Comme effet secondaire, il a était constaté un état d’esprit général de la base, identique. Par la suite, une pièce isolée et plus éloignée fût trouvée, pour éviter de contaminer toute la base avec les effets du signal du radar Sage.

Maintenant qu’il avait été prouvé que le radar Sage pouvait affecter les états émotionnels, l’étape suivante a consisté à essayer de contrôler les pensées d’une personne.

Des essais ont été menées dans le lequel le taux d’impulsions et d’amplitude du système radar ont été modifiés pour correspondre avec les différentes fonctions biologiques dans le corps. Cela permis aux scientifiques de pouvoir contrôler effectivement, les faits et gestes et les pensés de quelqu’un.

Il convient de souligner que plonger une personne dans des quantités massives de radiations micro-ondes et d’intenses ondes radios n’est pas sain. Beaucoup des sujets soumis à ces expériences ont littéralement été cuits par les ondes radios, causant des graves dommages internes aux poumons et au cerveau. Avec d’autres essais il a été établi que ces dommages ont étaient causés par un « rayonnement brûlant ».

Une technique de « Rayonnement non brûlant » a été mis en place par le côté opposé du réflecteur radar. Ainsi, les scientifiques ont décidé d’inverser l’antenne du radar d’environ 180 degrés, et de diriger la radiodiffusion à « rayonnement brûlant » dans le ciel, et en utilisant les « rayonnements non-brûlants » pour mener leurs essais. À leur grande satisfaction, ils ont découvert que le « rayonnement non brûlant » pouvait aussi bien altérer l’humeur et les pensées et ce, sans endommager physiquement, les sujets des tests.

La technique se perfectionne

En 1973, le processus expérimental a atteint une nouvelle étape. Les scientifiques ont voulu expérimenter avec de grands groupes de personnes, en changeant leurs pensées et leurs humeurs en masse et de procéder à un suivi des résultats. Les unités de l’armée Américaine ont été envoyées à la base pour, soi-disant, une affectation temporaire « en soutien de la recherche » et pour des exercices de routines. Ils devinrent les cibles involontaires des expériences sur les psychotropes.

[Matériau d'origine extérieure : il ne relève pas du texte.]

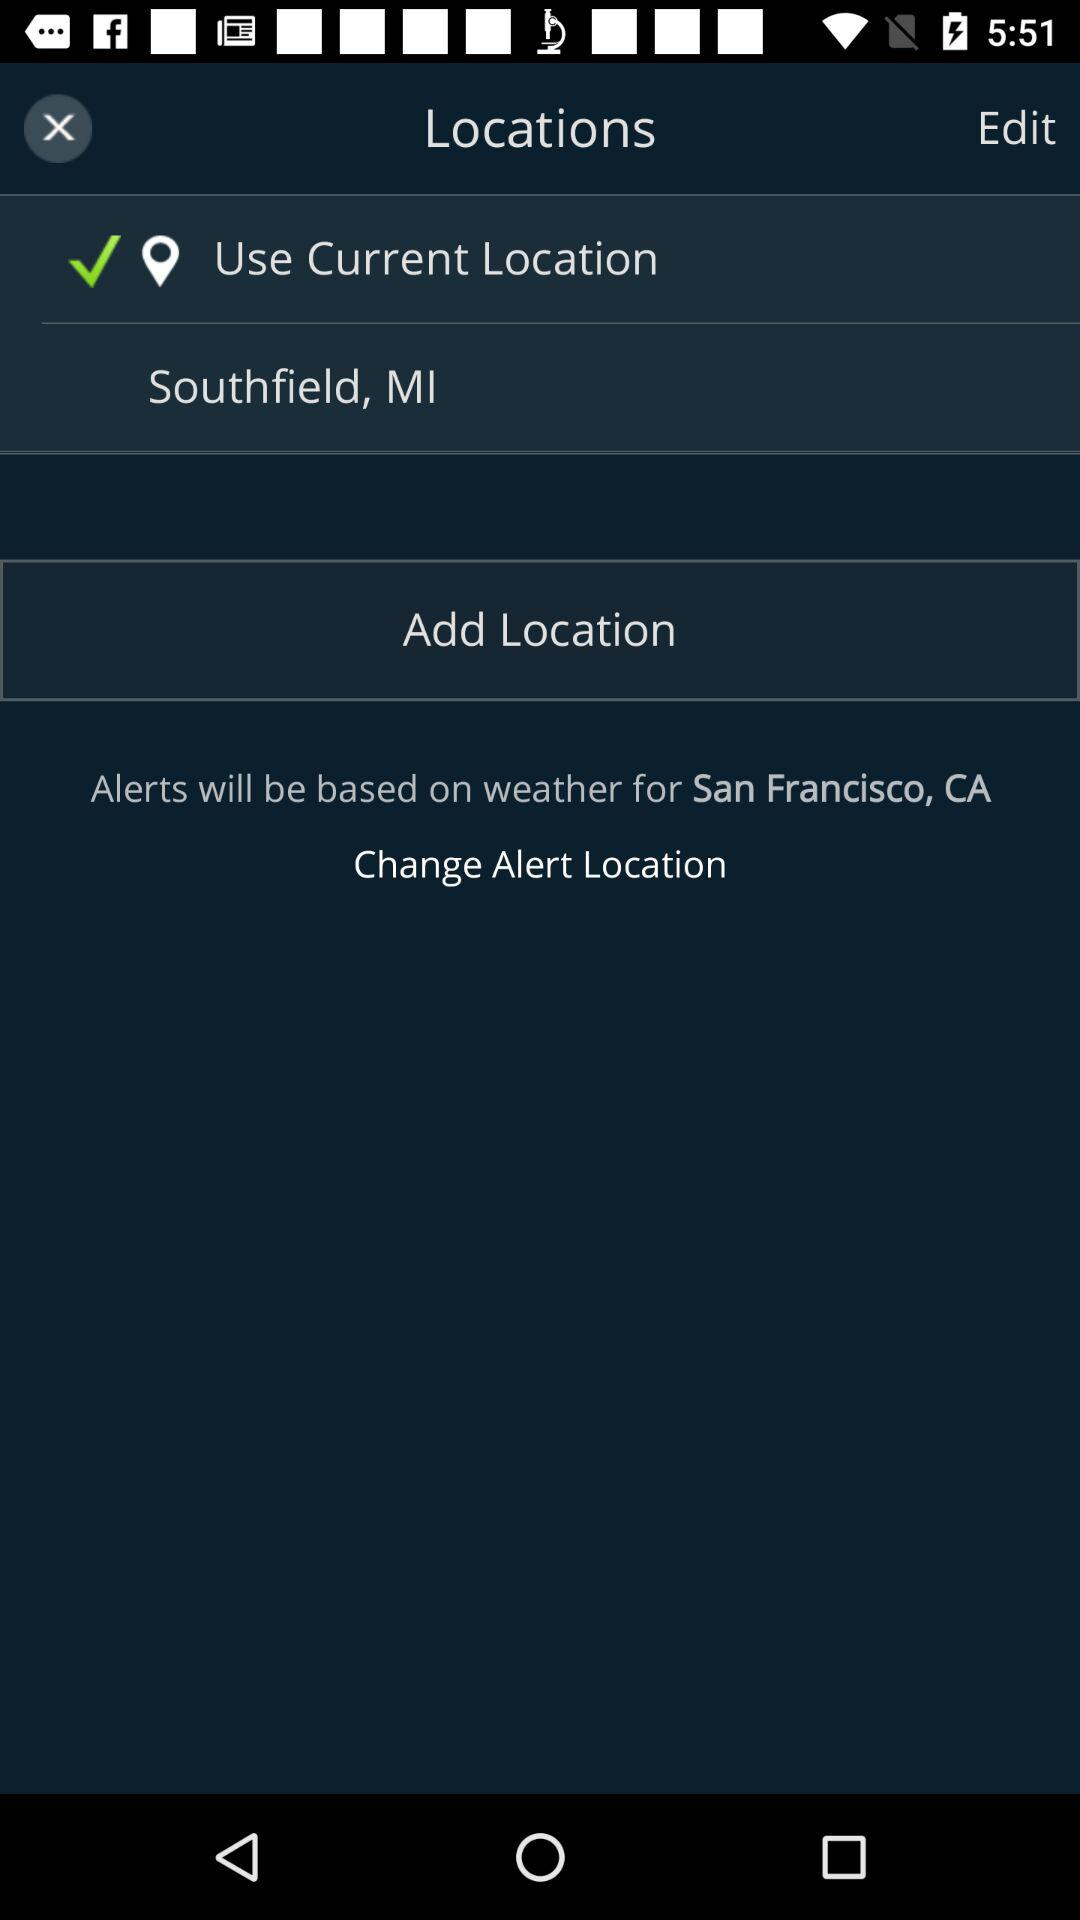How many more locations are there than alert locations?
Answer the question using a single word or phrase. 1 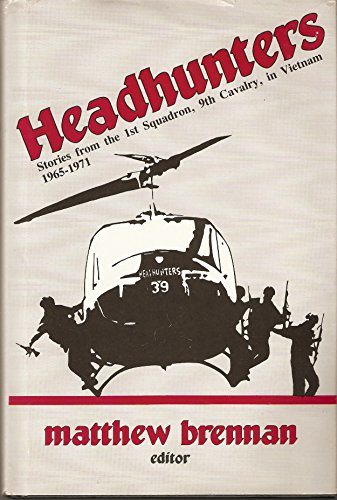What is the title of this book? The title of this book is 'Headhunters: Stories from the 1st Squadron, 9th Cavalry in Vietnam, 1965-1971,' which hints at the harrowing experiences and stories contained within this compelling historical account.

Des expériences similaires ont également été effectuées sur les personnes vivants à proximité, sur Long Island, de même que dans les Etats du New Jersey, de New York et du Connecticut.

Le but de ces essais étaient très simple. Il s’agissait de construire une base de données des paramètres d’impulsions et les effets secondaires qu’ils ont causés. Avec le temps, les scientifiques ont été capables de construire un panneau de contrôle qui leur a permis de diffuser des signaux prédéfinis, permettant ainsi des effets de contrôle de l’esprit, parfaitement cohérent.

Les essais ont permis aux scientifiques de créer une grande variété d’effets, en fonction des paramètres introduits dans l’émetteur. Les programmes informatiques ont été écrits, pour permettre aux chercheurs de créer très simplement des modifications de l’humeur et du comportement. Fiers de leurs succès, ils firent des essais sur l’animal, et ont découvert qu’ils pouvaient aussi influencer ces êtres vivants.

Emportés par leur réussite, ils ont établi qu’il était possible d’augmenter le taux de criminalité, inciter à la violence et provoquer une panique de masse. Ils ont même élaboré des programmes qui visaient des véhicules, propulsé par un moteur, pour le désactiver en le bombardant de rayons, et ainsi mettre hors d’usage l’ensemble de ses fonctions électriques.

À ce stade, l’équipe de Montauk avait mis au point une méthode fiable pour contrôler les pensées des autres.

Mais sur un ensemble de population, ou bien une personne en particulier, à condition qu’ils soient assez près, de l’émission d’ondes. Ensuite, ils voulurent construire un appareil qui leur permettrait une manipulation d’une cible bien précise, à très longue distance. La portée du projet Montauk était sur le point d’atteindre ses objectifs, bien au-delà de leurs espérances.

La création de « la chaise de Montauk »

Le World-Wide ITT Communications Corporation a construit un dispositif permettant une lecture de l’esprit. Le dispositif traduit le champ électromagnétique, ou « aura », qui est visible autour du corps dans une « information formatée », parfaitement lisible.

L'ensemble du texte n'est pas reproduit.